Felipe Coelho e os pais

Um casal de idosos foi encontrado morto a facadas, na madrugada deste sábado (25), em um apartamento no Jardim Botânico, na Zona Sul do Rio de Janeiro.

Segundo informações do jornal O Globo, os corpos de Geraldo Pereira Coelho, 73, e Oselia da Silva Coelho, 72, foram encontrados no sofá-cama da residência. O genro deles, o oficial da Marinha Cristiano da Silva Lacerda, é o principal suspeito do crime. Ele foi encontrado também ferido dentro da cama-baú do quarto do ex-namorado e filho das vítimas, Felipe Coelho.

Cristiano foi preso em flagrante e está internado sob custódia no Hospital Municipal Miguel Couto, na Gávea, na mesma região. A provável causa do crime seria ciúmes e a investigação segue pela Delegacia de Homicídios da Capital (DHC).

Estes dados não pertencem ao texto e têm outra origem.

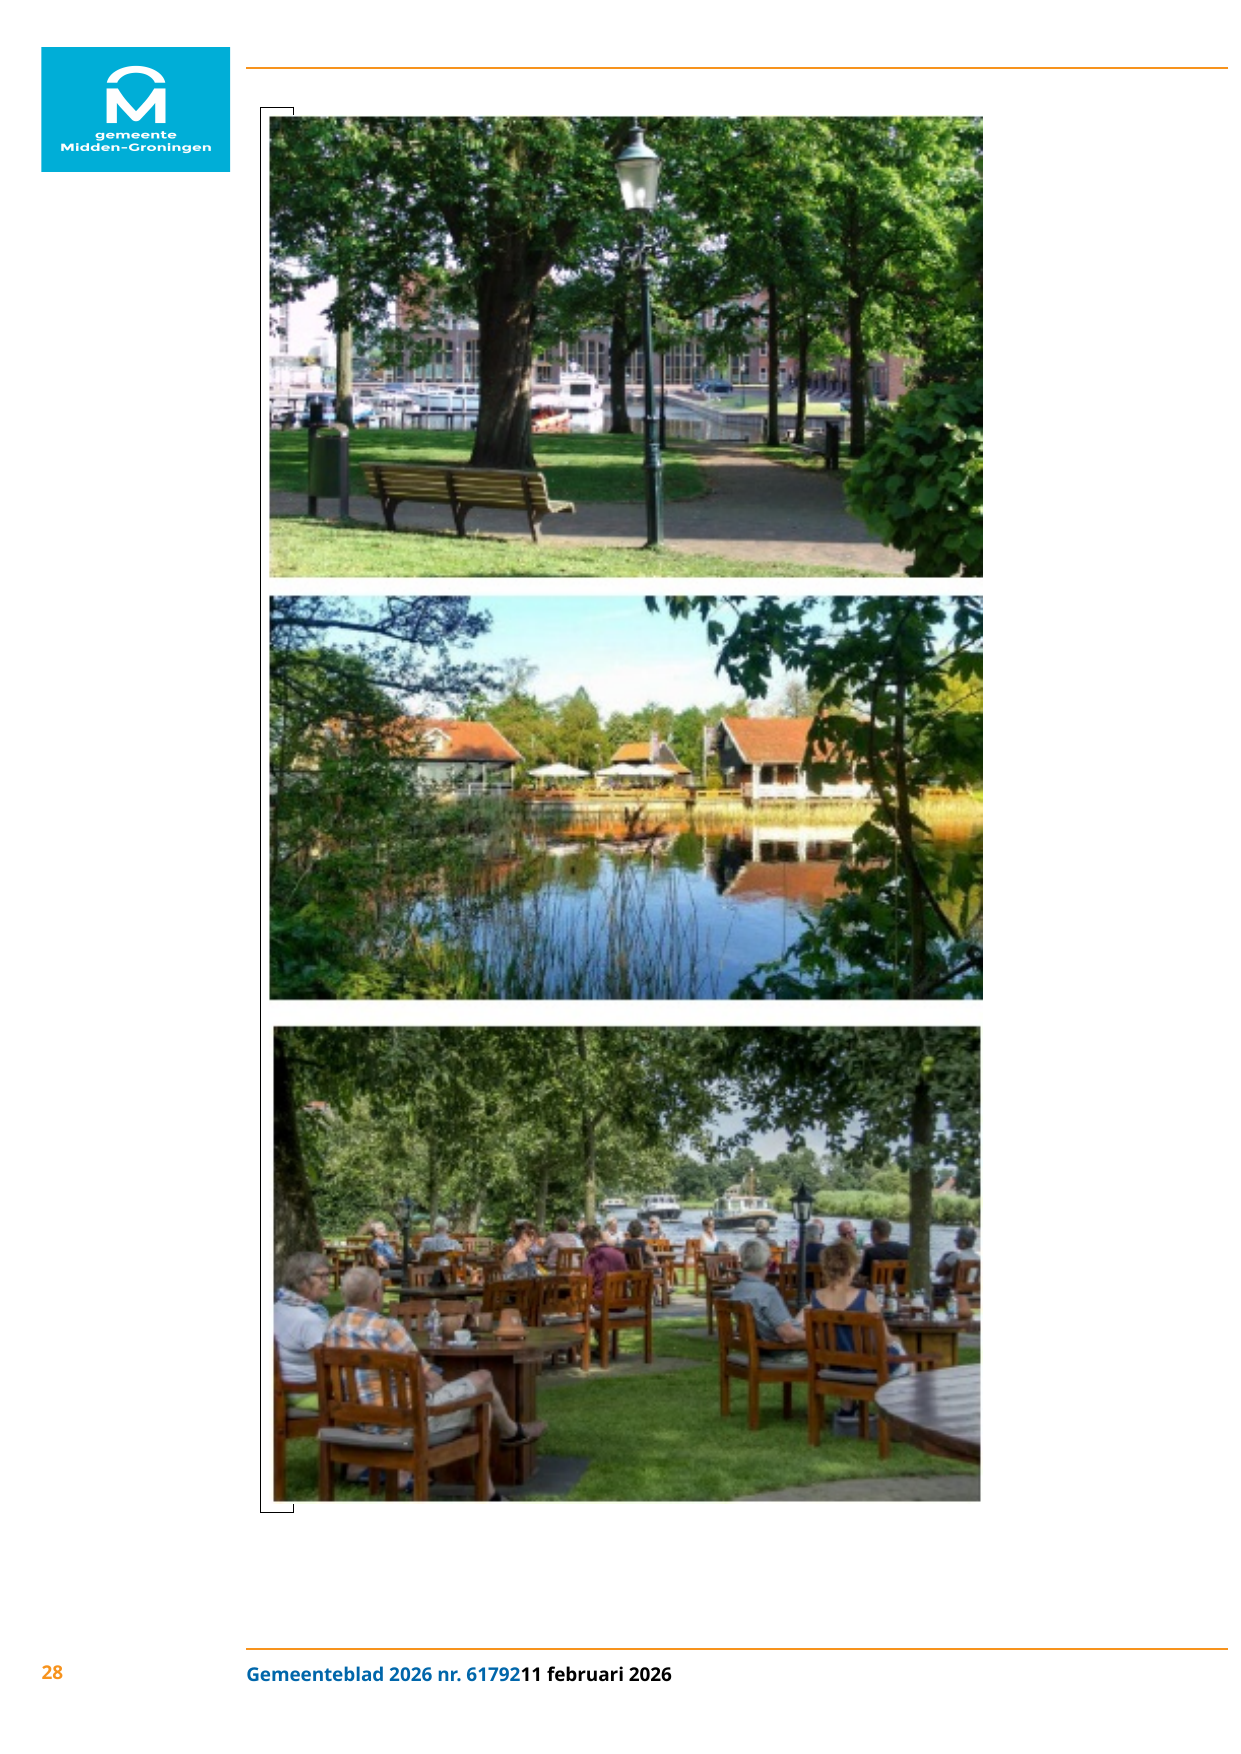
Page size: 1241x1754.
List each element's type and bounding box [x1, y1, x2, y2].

picture [108, 66, 164, 82]
picture [268, 115, 983, 1504]
picture [184, 146, 190, 153]
picture [107, 89, 165, 122]

Em entrevista ao jornal carioca o filho do casal contou que conheceu Cristiano há cerca de dois anos, no começo da pandemia. Felipe, que é professor de inglês, residia em Fortaleza na época e se mudou para o Rio de Janeiro por conta do namorado.

Desde o começo da relação eles moravam juntos no apartamento onde ocorreu o crime. Segundo Felipe, em abril, no último carnaval, Cristiano deu um tapa no rosto e um soco no peito do professor de inglês. As agressões motivaram o término do relacionamento, contudo, o militar  continuou morando no imóvel enquanto procurava outro local.

Filho postou homenagem aos pais nas redes sociais

Neste sábado (25), Felipe postou uma foto junto com os pais, no Cristo Redentor, – ponto turístico do Rio de Janeiro -, e deixou uma breve homenagem.

“Pra sempre juntos, nos braços do Pai. Meus amores eternos. Nada vai apagar esse amor. Te amo, pai. Te amo mãe”, escreveu.